US man pleads guilty to fighting for Somali militants

WASHINGTON: A US man who joined Somalia’s Al-Shabab insurgents and allegedly attacked Kenyan peacekeepers in Somalia pleaded guilty Friday to supporting a foreign terror group.
Baltimore native Maalik Alim Jones, 32, was accused of joining the rebels in 2011 where he took small arms training and joined attacks by Al-Shabab’s Jaysh Ayman commando unit against African Union troops sent to help stabilize the long-troubled country.
Jones spent four years in the country and appeared together with other Al-Shabab fighters in videos recovered from a cellphone on the body of a Al-Shabab fighter killed in an attack.
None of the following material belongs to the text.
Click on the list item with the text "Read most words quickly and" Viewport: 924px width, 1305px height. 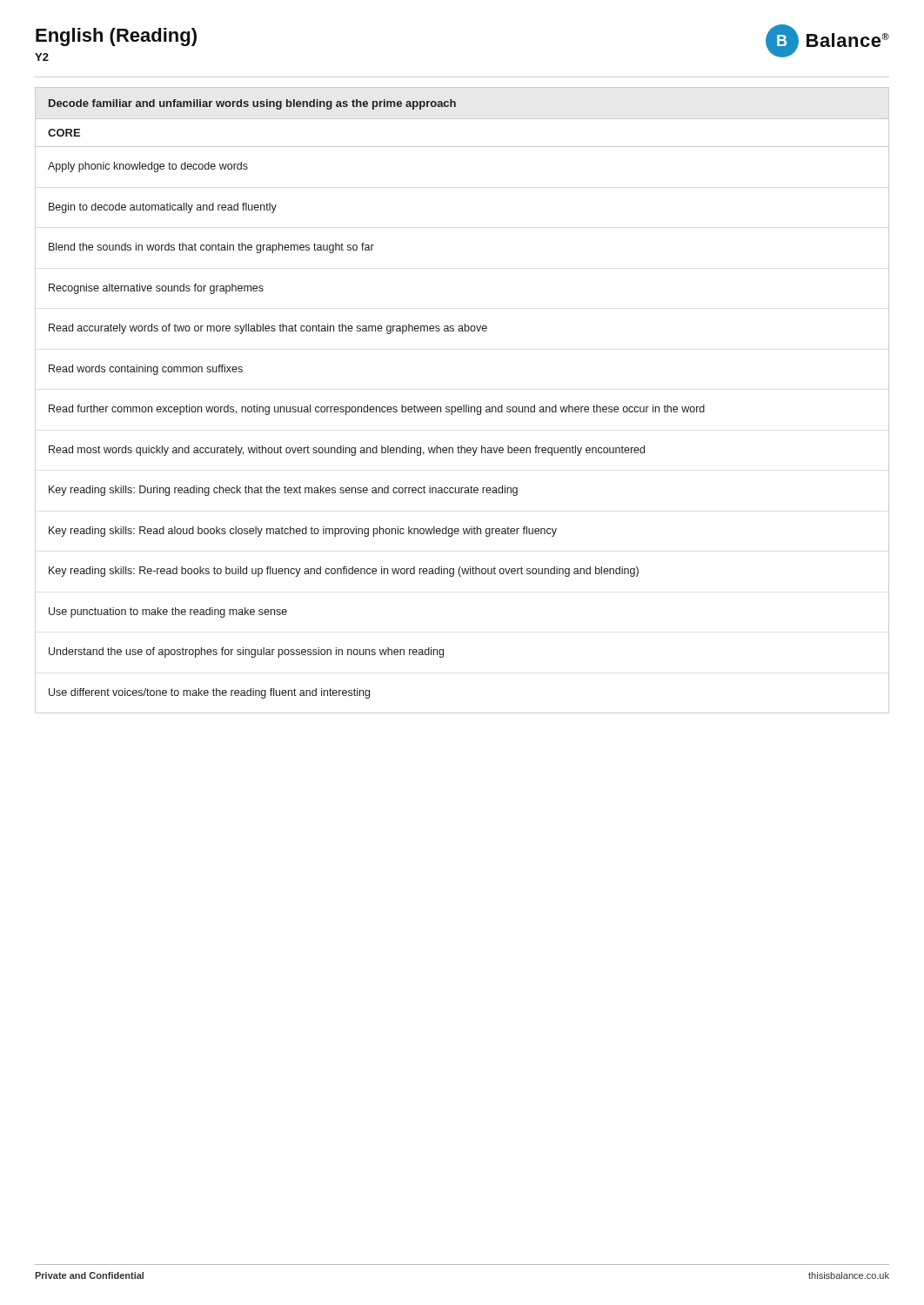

Federal prosecutors presented evidence that he had trained in using assault rifles and rocket-propelled grenades while with the Al-Shabab militants, an officially designated foreign terrorist organization by the US.
Jones, who according to the Baltimore Sun grew up in the city’s African-American Muslim community, was arrested by Somali authorities in 2015 as he tried to board a boat to Yemen.
He was then repatriated to the United States where he first pleaded not guilty to terror-related charges.
“As he admitted in court today, Maalik Jones traveled to Somalia, was trained by Al-Shabab in the use of an AK-47 and rocket-propelled grenades and took up arms for four years as a terrorist fighter,” said Acting US Attorney Joon H. Kim in a statement.
“For his allegiance to this lawless, terrorist organization that vows to destroy America and its values, Maalik Jones been held to account in an American court of law.”
Maalik faces a range of charges that bring up to life imprisonment, and a minimum of 30 years on firearms-related charges. He will be sentenced on Jan. 25.